Pacemaker
by Kay Sexton










Bartie was angry and he felt he had good reasons for his bad temper. To start with, his hospital appointment card gave his name as Bertie. It was doubly annoying; first because when you got to a certain age everybody seemed to think they could use your nickname as though you were a dog, or a child, and second, it was infuriating to be named Bartholomew but get downgraded to Bertie at some filing clerk's whim.

A further cause for fury was the waiting room of the cardiology department, which was filling up rapidly, but emptying out slowly. For every person moving consultant-wards, there were three heading seat-wards and he could see that his 10.30 a.m. appointment would become a midday one. Finally, he - and everyone else on the cardiac list - was suffering the behaviour of some noisy youths who had no decorum and no volume controls.

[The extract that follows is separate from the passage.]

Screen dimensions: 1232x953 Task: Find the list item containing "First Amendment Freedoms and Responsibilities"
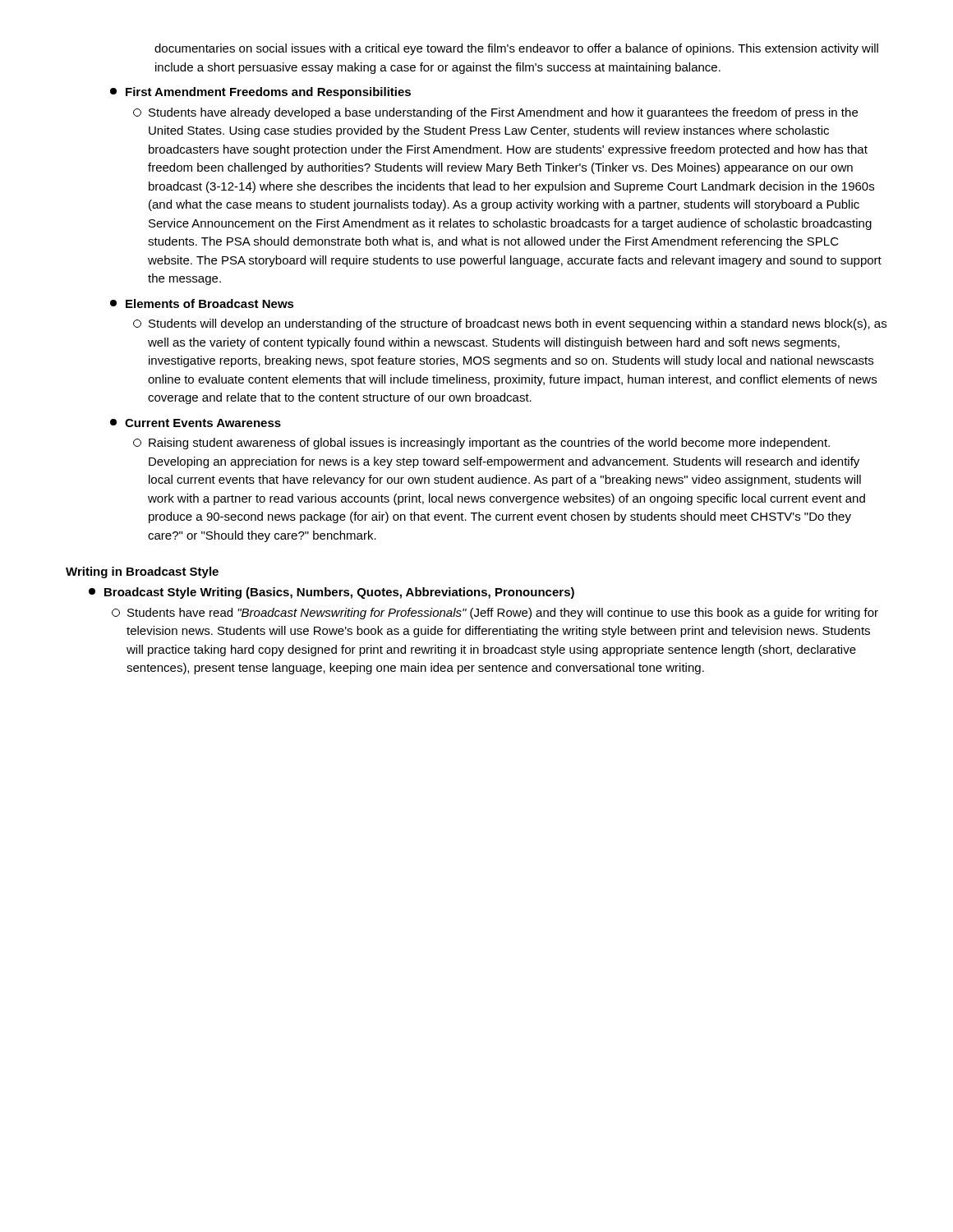[260, 93]

They laughed, they yelled, they put their feet up on the seats, they had mock boxing contests with each other and drank copious amounts of water from the cooler. There seemed always to be one of them jiggling around in front of Bartie; either the tall one who looked as if his hair had encountered a lawn mower, or the stocky one with a scowl, or the skinny one.

Mainly though, they congregated around a lad who seemed too fit to be visiting a cardiologist. Eventually he said something that caused a frenzy of watch checking and, after the rituals of leave-taking, which involved more mock punching and feinting, the group left. The youth looked briefly over at Bartie and said, "Late for a lecture," as if that made things clear.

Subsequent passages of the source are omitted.